Best practices for Advanced Attack Detection Using SIEM

Over the past few years, security information and event management (SIEM) technologies have been criticized. Its complexity and excessive demand for professional services have led to many complaints. Many companies are disappointed with their experience in deploying SIEM for security monitoring.
But that was before, and now it is different. To be fair, technology is no longer the reason why it is difficult for enterprises to successfully deploy SIEM. The leading SIEM platform has gone through "Brain Transplantation" to migrate data to a specific target storage that provides sufficient performance and scale. Previously cumbersome and unreliable system connectors and log aggregators are now more effective, making data collection easier.
However, SIEM still faces many difficulties, as are all rules-based policy technologies. SIEM must know what it is looking. The magic SIEM product does not automatically detect attacks that exploit new methods or rare vulnerabilities.
SIEM plays an important role in attack detection. However, to successfully detect known or unknown attack types, enterprises must establish a set of policies to find attack conditions and indicators in their environments and continuously monitor these situations.
So how should we establish such a policy? Of course, it is unrealistic to wait for it to appear. Let's take a look at the simple process of establishing an effective SIEM policy.
Collect all data within a reasonable range
If sufficient data is not collected, SIEM cannot perform a comprehensive analysis. So the first step is to collect the correct data. What does this mean? Start with obvious data, such as network, security, and server device logs. This data is large and easy to obtain. Then, obtain the log information from the application infrastructure (databases and applications. Of course, SIEM also needs a variety of other data sources, including identity data, network traffic, vulnerability scan results, and configuration data.
For the SIEM system, the more data the better. If possible, collect all the data. If you need to prioritize collected data, you should first consider the data collected from the most important technical assets (devices in protected environments and devices that process regulated data. In addition, pay attention to systems that handle key intellectual property rights.
Build rules
Creating a SIEM rule repository is an iterative process. This means that the process is relatively slow and requires long-term refinement or adjustment. Many people are "analysis paralyzed" when starting this process, because there are millions of possible rules. Therefore, we recommend that you first define the rules to be defined.
In the modeling process, start from important assets. Place yourself in the role of an attacker and start to monitor the data you want to steal.
Simulated threats: If you are an attacker, how will you intrude into and steal data? Simulate this threat and list these attack vectors in the SIEM tool. Don't forget to leak out, because this provides another opportunity for enterprises to detect attacks before data is stolen. This process is carried out with a realistic attitude because the threat model is not completely accurate and may be incomplete or comprehensive. The most important thing is to simply start the threat modeling process, which is a good start.
Complete rules: launch attacks on yourself. There are many ready-made tools available to attack your environment. You can try them. Then monitor your SIEM activities. Does it send the correct alarm at the right time? Does the alert provide sufficient information to help the responder identify what happened and take action? If the answer is no, go back to Step 1 and complete the rules.
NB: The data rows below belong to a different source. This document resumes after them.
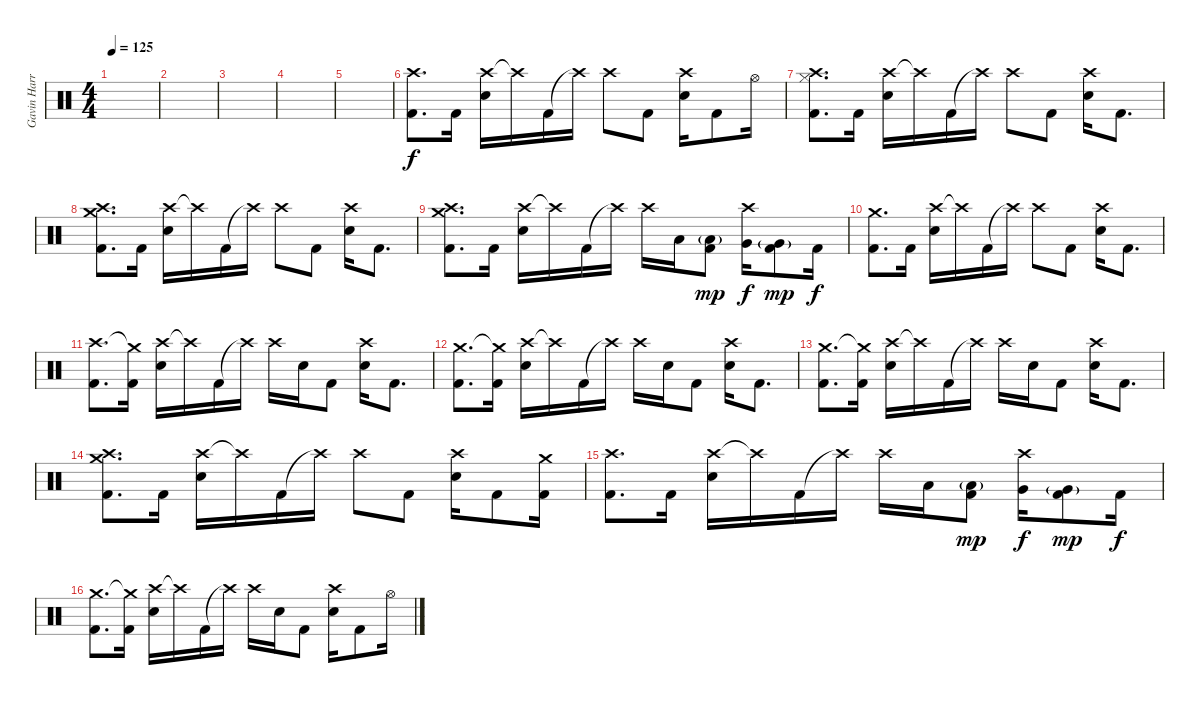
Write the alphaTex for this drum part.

\track ("Gavin Harrison" "Gavin Harr") {instrument percussion}
\staff {score}
\articulation defaults
\ts (4 4)
\tempo 125
\clef neutral
\ks c
|
|
|
|
|
("Crash high (hit)" "Kick (hit) 2").8{d} "Kick (hit) 2".16 ("Crash high (hit)" "Electric Snare (hit)").16 "Crash high (hit)"{t}.16 "Kick (hit) 2".16 "Crash high (hit)"{t}.16 "Crash high (hit)".8 "Kick (hit) 2".8 ("Crash high (hit)" "Electric Snare (hit)").16 "Kick (hit) 2".8 "Hi-Hat (open)".16 |
("Crash high (hit)" "Hi-Hat (closed)" "Kick (hit) 2").8{d} "Kick (hit) 2".16 ("Crash high (hit)" "Electric Snare (hit)").16 "Crash high (hit)"{t}.16 "Kick (hit) 2".16 "Crash high (hit)"{t}.16 "Crash high (hit)".8 "Kick (hit) 2".8 ("Crash high (hit)" "Electric Snare (hit)").16 "Kick (hit) 2".8{d} |
("Crash high (hit)" "Crash medium (hit)" "Kick (hit) 2").8{d} "Kick (hit) 2".16 ("Crash high (hit)" "Electric Snare (hit)").16 "Crash high (hit)"{t}.16 "Kick (hit) 2".16 "Crash high (hit)"{t}.16 "Crash high (hit)".8 "Kick (hit) 2".8 ("Crash high (hit)" "Electric Snare (hit)").16 "Kick (hit) 2".8{d} |
("Crash high (hit)" "Crash medium (hit)" "Kick (hit) 2").8{d} "Kick (hit) 2".16 ("Crash high (hit)" "Electric Snare (hit)").16 "Crash high (hit)"{t}.16 "Kick (hit) 2".16 "Crash high (hit)"{t}.16 "Crash high (hit)".16 "Low Tom (hit)".16 ("Low Tom (hit)"{g} "Kick (hit) 2").8{dy mp} ("Crash high (hit)" "Very Low Tom (hit)").16{dy f} ("Very Low Tom (hit)"{g} "Kick (hit) 2").8{dy mp} "Kick (hit) 2".16{dy f} |
("Crash medium (hit)" "Kick (hit) 2").8{d} "Kick (hit) 2".16 ("Crash high (hit)" "Electric Snare (hit)").16 "Crash high (hit)"{t}.16 "Kick (hit) 2".16 "Crash high (hit)"{t}.16 "Crash high (hit)".8 "Kick (hit) 2".8 ("Crash high (hit)" "Electric Snare (hit)").16 "Kick (hit) 2".8{d} |
("Crash high (hit)" "Kick (hit) 2").8{d} ("Crash medium (hit)"{t} "Kick (hit) 2").16 ("Crash high (hit)" "Electric Snare (hit)").16 "Crash high (hit)"{t}.16 "Kick (hit) 2".16 "Crash high (hit)"{t}.16 "Crash high (hit)".16 "Electric Snare (hit)".16 "Kick (hit) 2".8 ("Crash high (hit)" "Electric Snare (hit)").16 "Kick (hit) 2".8{d} |
("Crash medium (hit)" "Kick (hit) 2").8{d} ("Crash medium (hit)"{t} "Kick (hit) 2").16 ("Crash high (hit)" "Electric Snare (hit)").16 "Crash high (hit)"{t}.16 "Kick (hit) 2".16 "Crash high (hit)"{t}.16 "Crash high (hit)".16 "Electric Snare (hit)".16 "Kick (hit) 2".8 ("Crash high (hit)" "Electric Snare (hit)").16 "Kick (hit) 2".8{d} |
("Crash medium (hit)" "Kick (hit) 2").8{d} ("Crash medium (hit)"{t} "Kick (hit) 2").16 ("Crash high (hit)" "Electric Snare (hit)").16 "Crash high (hit)"{t}.16 "Kick (hit) 2".16 "Crash high (hit)"{t}.16 "Crash high (hit)".16 "Electric Snare (hit)".16 "Kick (hit) 2".8 ("Crash high (hit)" "Electric Snare (hit)").16 "Kick (hit) 2".8{d} |
("Crash medium (hit)" "Crash high (hit)" "Kick (hit) 2").8{d} "Kick (hit) 2".16 ("Crash high (hit)" "Electric Snare (hit)").16 "Crash high (hit)"{t}.16 "Kick (hit) 2".16 "Crash high (hit)"{t}.16 "Crash high (hit)".8 "Kick (hit) 2".8 ("Crash high (hit)" "Electric Snare (hit)").16 "Kick (hit) 2".8 ("Crash medium (hit)" "Kick (hit) 2").16 |
("Crash high (hit)" "Kick (hit) 2").8{d} "Kick (hit) 2".16 ("Crash high (hit)" "Electric Snare (hit)").16 "Crash high (hit)"{t}.16 "Kick (hit) 2".16 "Crash high (hit)"{t}.16 "Crash high (hit)".16 "Low Tom (hit)".16 ("Low Tom (hit)"{g} "Kick (hit) 2").8{dy mp} ("Crash high (hit)" "Very Low Tom (hit)").16{dy f} ("Very Low Tom (hit)"{g} "Kick (hit) 2").8{dy mp} "Kick (hit) 2".16{dy f} |
("Crash medium (hit)" "Kick (hit) 2").8{d} ("Crash medium (hit)"{t} "Kick (hit) 2").16 ("Crash high (hit)" "Electric Snare (hit)").16 "Crash high (hit)"{t}.16 "Kick (hit) 2".16 "Crash high (hit)"{t}.16 "Crash high (hit)".16 "Electric Snare (hit)".16 "Kick (hit) 2".8 ("Crash high (hit)" "Electric Snare (hit)").16 "Kick (hit) 2".8 "Hi-Hat (open)".16

Optimization threshold: over time, you will gradually learn if SIEM alarms are too frequent or insufficient. Adjust the threshold accordingly. This is a balance. If the threshold is too tight, the alarm will be reduced, but it is easier to miss the attack. And vice versa, if the alarm is too frequent.
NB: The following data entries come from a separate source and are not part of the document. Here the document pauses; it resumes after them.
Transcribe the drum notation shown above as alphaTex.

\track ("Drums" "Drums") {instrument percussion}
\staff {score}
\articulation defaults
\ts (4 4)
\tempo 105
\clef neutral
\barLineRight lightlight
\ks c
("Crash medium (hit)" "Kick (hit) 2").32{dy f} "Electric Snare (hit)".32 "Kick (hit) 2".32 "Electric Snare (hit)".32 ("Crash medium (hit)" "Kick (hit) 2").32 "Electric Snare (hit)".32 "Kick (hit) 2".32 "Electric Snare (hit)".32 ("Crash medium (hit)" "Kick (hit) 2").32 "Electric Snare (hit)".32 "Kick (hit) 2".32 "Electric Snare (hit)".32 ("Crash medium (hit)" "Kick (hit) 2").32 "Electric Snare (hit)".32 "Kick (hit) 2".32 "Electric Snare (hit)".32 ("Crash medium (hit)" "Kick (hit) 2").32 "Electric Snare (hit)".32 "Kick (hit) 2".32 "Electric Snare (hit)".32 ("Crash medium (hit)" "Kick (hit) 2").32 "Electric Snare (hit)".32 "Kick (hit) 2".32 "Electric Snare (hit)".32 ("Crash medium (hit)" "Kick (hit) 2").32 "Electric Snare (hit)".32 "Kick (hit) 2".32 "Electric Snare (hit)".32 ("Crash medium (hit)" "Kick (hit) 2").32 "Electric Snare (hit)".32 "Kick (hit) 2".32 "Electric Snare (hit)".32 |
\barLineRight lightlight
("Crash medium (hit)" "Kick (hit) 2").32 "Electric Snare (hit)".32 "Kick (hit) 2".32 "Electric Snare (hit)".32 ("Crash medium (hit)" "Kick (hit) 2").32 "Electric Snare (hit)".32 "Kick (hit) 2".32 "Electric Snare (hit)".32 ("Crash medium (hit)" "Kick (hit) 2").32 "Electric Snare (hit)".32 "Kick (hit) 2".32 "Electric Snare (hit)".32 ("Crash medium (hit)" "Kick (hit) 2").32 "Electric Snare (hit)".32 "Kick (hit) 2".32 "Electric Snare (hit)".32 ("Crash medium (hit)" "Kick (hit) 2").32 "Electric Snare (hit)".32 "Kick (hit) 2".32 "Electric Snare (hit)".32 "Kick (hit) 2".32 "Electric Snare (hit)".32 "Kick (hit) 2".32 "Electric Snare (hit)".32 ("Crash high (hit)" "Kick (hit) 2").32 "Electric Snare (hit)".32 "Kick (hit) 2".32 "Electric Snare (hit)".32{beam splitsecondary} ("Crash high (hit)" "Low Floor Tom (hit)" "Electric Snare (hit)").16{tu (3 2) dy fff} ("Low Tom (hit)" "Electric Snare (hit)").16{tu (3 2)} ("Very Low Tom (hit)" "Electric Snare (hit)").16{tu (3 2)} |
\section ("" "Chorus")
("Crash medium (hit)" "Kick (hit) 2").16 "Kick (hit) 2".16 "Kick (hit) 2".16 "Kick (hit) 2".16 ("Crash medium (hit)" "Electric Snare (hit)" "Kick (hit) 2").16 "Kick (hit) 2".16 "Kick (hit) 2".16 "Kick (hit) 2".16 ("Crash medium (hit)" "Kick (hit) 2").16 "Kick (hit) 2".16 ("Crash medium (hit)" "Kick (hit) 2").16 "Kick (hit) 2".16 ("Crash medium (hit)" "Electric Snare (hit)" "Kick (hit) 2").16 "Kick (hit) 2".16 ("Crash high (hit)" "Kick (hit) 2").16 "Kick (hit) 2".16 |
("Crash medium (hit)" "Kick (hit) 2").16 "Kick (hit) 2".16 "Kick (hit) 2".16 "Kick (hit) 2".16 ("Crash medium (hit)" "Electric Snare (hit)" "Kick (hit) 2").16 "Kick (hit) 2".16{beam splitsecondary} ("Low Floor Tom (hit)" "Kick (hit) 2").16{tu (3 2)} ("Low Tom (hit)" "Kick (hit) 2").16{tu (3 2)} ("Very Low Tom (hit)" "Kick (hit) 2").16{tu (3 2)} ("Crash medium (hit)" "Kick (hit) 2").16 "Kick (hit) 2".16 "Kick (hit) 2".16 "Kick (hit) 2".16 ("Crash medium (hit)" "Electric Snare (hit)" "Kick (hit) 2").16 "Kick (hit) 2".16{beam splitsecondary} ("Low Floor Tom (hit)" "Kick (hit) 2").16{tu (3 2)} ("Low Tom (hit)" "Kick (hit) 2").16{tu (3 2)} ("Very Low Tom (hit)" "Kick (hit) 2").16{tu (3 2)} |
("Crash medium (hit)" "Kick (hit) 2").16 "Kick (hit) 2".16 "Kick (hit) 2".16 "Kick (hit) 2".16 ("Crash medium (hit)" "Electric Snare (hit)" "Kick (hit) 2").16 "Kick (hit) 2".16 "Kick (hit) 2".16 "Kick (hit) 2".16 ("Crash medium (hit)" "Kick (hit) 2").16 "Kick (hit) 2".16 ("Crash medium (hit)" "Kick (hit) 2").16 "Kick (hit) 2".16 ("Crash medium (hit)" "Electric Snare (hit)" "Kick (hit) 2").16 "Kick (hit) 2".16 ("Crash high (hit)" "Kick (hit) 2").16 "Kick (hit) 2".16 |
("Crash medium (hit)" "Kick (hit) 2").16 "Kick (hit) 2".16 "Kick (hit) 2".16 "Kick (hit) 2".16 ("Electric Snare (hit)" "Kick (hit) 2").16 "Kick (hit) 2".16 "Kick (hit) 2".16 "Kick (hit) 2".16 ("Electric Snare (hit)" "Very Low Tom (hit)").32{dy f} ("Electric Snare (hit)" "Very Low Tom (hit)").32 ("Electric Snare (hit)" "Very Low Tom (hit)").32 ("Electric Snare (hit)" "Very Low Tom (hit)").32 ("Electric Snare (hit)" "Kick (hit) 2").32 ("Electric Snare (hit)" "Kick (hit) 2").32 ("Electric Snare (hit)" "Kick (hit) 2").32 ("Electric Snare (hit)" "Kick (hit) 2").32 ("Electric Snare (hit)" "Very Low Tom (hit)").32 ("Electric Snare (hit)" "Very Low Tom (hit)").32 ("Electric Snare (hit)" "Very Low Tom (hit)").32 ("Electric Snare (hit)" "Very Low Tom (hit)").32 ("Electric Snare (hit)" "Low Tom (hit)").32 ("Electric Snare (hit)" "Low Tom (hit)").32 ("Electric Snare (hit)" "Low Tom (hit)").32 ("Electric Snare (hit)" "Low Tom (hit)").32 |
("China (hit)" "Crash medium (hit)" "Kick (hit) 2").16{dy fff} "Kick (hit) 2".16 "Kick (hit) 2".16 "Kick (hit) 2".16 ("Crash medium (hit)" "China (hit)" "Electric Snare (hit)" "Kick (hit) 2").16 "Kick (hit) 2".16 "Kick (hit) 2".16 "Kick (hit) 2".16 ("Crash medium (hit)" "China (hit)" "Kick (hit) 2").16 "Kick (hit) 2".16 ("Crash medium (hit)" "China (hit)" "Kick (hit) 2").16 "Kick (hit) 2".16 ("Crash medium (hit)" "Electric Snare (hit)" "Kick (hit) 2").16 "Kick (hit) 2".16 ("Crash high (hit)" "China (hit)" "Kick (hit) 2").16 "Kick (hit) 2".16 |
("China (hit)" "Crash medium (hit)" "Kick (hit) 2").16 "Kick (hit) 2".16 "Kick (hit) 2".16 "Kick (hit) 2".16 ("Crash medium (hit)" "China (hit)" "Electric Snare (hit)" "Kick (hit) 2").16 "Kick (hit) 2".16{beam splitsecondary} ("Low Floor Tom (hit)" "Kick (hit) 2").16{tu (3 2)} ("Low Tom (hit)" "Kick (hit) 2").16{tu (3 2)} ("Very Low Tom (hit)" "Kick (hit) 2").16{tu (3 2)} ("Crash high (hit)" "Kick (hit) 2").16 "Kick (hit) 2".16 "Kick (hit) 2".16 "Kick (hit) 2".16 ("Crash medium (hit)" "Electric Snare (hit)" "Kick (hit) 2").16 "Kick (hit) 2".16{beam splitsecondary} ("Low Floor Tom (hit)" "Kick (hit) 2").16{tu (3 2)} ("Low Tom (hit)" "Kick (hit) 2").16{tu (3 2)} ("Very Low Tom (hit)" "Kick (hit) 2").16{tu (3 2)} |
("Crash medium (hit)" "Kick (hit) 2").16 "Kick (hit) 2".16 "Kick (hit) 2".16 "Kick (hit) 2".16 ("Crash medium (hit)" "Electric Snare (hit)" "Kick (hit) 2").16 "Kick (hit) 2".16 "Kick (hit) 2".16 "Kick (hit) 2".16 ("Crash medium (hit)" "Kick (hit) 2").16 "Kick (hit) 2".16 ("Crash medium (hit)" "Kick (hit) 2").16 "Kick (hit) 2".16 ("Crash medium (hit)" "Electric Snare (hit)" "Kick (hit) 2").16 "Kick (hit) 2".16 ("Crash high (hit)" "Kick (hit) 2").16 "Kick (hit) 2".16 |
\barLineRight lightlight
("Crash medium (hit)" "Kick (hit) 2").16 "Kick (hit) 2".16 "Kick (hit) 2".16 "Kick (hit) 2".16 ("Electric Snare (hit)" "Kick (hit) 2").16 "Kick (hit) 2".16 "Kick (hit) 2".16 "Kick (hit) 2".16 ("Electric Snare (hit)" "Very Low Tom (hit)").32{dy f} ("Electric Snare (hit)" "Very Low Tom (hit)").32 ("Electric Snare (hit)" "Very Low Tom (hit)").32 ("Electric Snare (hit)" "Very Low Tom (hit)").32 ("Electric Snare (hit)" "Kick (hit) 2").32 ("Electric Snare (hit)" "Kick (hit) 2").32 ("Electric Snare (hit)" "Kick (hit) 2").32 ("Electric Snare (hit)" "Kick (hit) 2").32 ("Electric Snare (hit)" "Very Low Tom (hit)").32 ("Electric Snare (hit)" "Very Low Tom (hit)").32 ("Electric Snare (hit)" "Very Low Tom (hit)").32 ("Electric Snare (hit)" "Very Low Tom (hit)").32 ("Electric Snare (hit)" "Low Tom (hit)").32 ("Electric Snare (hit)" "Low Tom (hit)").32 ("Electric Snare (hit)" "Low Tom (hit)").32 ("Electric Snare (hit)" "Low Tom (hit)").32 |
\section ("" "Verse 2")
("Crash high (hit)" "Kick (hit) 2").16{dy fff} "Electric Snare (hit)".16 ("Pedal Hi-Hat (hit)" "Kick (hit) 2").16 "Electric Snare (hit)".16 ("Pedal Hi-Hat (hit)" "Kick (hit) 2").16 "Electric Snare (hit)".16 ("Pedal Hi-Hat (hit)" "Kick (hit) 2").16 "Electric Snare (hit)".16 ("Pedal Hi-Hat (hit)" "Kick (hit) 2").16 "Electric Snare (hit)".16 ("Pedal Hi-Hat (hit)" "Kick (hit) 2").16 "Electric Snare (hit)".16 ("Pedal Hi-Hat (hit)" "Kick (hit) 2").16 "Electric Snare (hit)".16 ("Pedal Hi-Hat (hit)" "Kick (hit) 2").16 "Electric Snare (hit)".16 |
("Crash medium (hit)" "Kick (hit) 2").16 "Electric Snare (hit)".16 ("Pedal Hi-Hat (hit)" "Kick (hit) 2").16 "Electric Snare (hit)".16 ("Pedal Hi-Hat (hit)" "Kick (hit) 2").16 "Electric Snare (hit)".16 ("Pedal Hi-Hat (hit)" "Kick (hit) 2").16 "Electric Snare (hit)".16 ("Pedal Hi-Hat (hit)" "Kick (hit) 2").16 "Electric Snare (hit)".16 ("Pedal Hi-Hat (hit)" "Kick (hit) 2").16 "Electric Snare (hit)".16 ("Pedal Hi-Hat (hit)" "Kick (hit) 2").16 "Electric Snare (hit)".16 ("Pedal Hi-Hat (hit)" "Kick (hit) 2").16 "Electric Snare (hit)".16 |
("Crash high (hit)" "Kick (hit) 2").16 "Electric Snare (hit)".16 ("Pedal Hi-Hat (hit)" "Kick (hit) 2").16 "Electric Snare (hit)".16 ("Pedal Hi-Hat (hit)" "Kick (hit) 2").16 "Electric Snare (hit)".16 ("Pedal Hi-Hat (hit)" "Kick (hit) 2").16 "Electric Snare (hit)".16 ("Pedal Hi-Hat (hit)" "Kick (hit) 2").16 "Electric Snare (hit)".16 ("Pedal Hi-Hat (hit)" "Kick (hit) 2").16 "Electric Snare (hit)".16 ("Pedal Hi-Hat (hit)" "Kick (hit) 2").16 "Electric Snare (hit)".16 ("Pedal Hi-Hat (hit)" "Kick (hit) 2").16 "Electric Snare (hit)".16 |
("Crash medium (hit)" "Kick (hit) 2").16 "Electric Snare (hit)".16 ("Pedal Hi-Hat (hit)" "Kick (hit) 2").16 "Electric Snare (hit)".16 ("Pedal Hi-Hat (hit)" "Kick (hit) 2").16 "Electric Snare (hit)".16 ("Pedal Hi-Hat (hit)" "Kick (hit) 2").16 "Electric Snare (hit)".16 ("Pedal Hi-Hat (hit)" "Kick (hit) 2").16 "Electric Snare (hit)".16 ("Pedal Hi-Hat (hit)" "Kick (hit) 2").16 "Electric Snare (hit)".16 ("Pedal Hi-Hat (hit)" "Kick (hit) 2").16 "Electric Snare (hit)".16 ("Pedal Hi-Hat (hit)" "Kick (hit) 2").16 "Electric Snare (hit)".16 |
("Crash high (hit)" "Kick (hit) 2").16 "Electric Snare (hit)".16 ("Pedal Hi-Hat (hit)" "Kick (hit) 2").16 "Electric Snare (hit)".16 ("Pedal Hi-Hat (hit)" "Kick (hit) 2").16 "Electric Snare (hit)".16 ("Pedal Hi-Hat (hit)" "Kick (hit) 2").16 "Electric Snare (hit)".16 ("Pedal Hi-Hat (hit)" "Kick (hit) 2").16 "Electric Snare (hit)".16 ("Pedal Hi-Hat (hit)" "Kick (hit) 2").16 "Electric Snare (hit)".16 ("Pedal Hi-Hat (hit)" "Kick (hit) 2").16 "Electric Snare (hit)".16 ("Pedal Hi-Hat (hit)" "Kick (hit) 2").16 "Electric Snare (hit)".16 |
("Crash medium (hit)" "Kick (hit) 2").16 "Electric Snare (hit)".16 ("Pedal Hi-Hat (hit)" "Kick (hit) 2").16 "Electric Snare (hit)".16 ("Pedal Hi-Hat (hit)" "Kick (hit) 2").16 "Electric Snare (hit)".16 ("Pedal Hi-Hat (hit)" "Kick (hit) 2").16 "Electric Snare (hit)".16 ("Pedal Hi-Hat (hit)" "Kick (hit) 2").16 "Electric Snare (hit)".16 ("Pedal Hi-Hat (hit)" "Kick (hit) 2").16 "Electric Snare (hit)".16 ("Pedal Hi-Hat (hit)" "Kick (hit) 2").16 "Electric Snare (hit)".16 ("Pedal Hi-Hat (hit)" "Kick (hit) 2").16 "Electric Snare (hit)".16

Cleaning, rinsing, and repetition: After the rule set for a specific attack is deployed and optimized, move to the next attack vector and repeat the process when modeling each threat.
By the way, this process will never end. There will always be new attacks that require modeling and new indicators that require monitoring. Enterprises must pay close attention to security news to find out which attacks are very popular. The latest threat Research Report (such as the Mandiant APT1 Report) contains clear indicators that each enterprise can (and should) consider adding these indicators to its SIEM. With threat intelligence and a comprehensive data collection environment, you can't find an excuse: It's time to start looking for emerging advanced attacks.
Also remember that over time, you need to add a new data type to SIEM, which will need to reconsider all the SIEM rules. For example, if network packet traffic is captured and sent to SIEM, a large amount of new information is provided for analysis. If you can view the actual network traffic, what is the impact on the search for an attack? What other rules can we add to detect attacks faster? These are not trivial issues. Each time a data source is added or deleted, SIEM rules can be checked to increase the attack detection speed.
The most important thing in this process is to maintain consistency. SIEM is not a "one-time setup, no worries for life" technology. It requires careful care and treatment-not just the present, but its entire lifecycle. If you have any luck with this, you will eventually be disappointed.